To stay on top of the large number of patches released every day, you need an effective patch management software. Endpoint Central offers a fully automated patch management system for Windows, Mac, Linux and third party applications (view the complete list of supported applications here). The following capabilities give you granular control over the entire patch management process and enable you to keep your endpoints secure and up-to-date:
Zoho Corp continuously probes the internet for newly released patches and vulnerabilities. Once a new patch is discovered, it is added to Zoho Corp's Central Patch Repository after ample verification and testing. This repository can be accessed by Endpoint Central server installed within a client's environment and is used to evaluate vulnerabilities within the network.
On the client's site, the server maintains a Vulnerability Database which is synced periodically with the Central Patch Repository. This sync is done in two ways:
A patch scan is automatically initiated every time the vulnerability database is updated. All systems in the network will be scanned for missing patches within the next 90 minutes and this data will be posted to the server.
Endpoint Central allows you to classify the health status of the systems within your network via the system health policy. You can specify the number of missing patches for which the systems should be classified as healthy, vulnerable and highly vulnerable. Based on this classification, you will be able to narrow down the systems that need immediate attention and take effective measures.
Endpoint Central also helps automate antivirus definition updates. Such updates are quite frequent and may happen several times a day which might result in high bandwidth consumption. To avoid it, you can schedule these updates once every day at a convenient time.
You can disable automatic updates in just a few clicks. This allows you to have complete control over any updates that are installed within your network.

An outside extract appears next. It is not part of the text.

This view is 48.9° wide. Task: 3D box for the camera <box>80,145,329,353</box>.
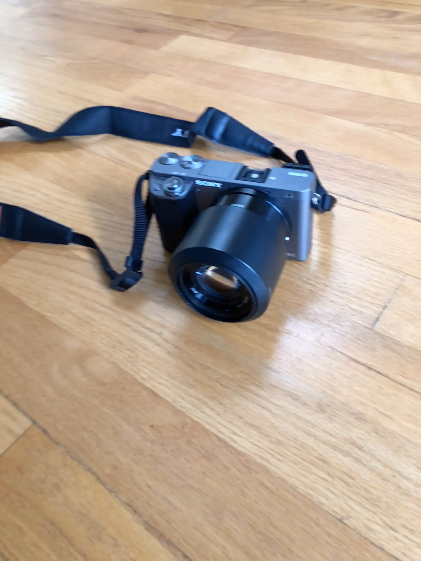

It is always recommended to test patches before installing them on all the systems in your network to ensure that there is no downtime due to faulty patches. You can form test groups and automate installation of patches on test systems before rolling them out to the entire network. You can also specify the number of days after which the patches should be approved automatically for installation on the rest of the systems.

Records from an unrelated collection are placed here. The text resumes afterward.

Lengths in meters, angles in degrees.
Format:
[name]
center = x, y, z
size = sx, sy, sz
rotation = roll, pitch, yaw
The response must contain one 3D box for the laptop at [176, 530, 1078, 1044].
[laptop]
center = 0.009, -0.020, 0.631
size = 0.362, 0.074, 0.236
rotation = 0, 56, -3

You can choose to decline patches for certain applications (legacy applications) or in case there's a patch that causes instability while it's installed on test systems. Endpoint Central allows you to decline non-severe patches as well as patches for a specific group of computers.

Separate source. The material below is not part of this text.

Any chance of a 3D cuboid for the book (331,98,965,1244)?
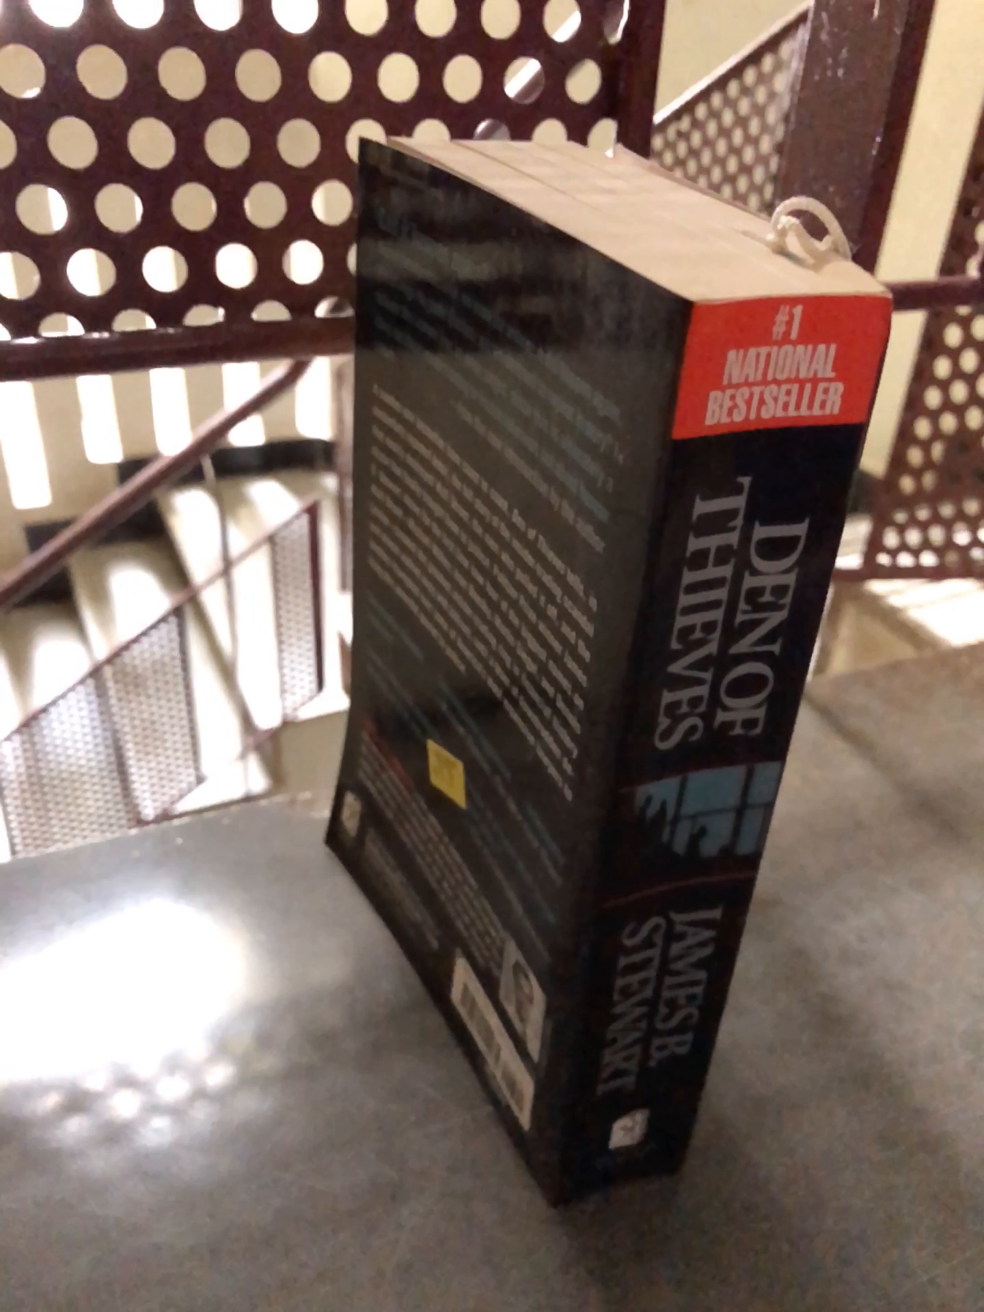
[{"bbox_3d":[0.007,-0.004,0.273,0.050,0.219,0.171,-9,34,-19],"label":"book"}]

To avoid bandwidth issues and ensure system availability, system administrators can schedule the installation of patches on a convenient day and time by configuring a deployment policy. In the deployment policy, you can configure the week(s) and day(s) on which the deployment should take place, the time interval within which the patch should be installed, and the reboot policy. You can also allow the user to skip deployment. The product has the capability to wake computers on LAN before deployment, if the computers are shut down at that moment.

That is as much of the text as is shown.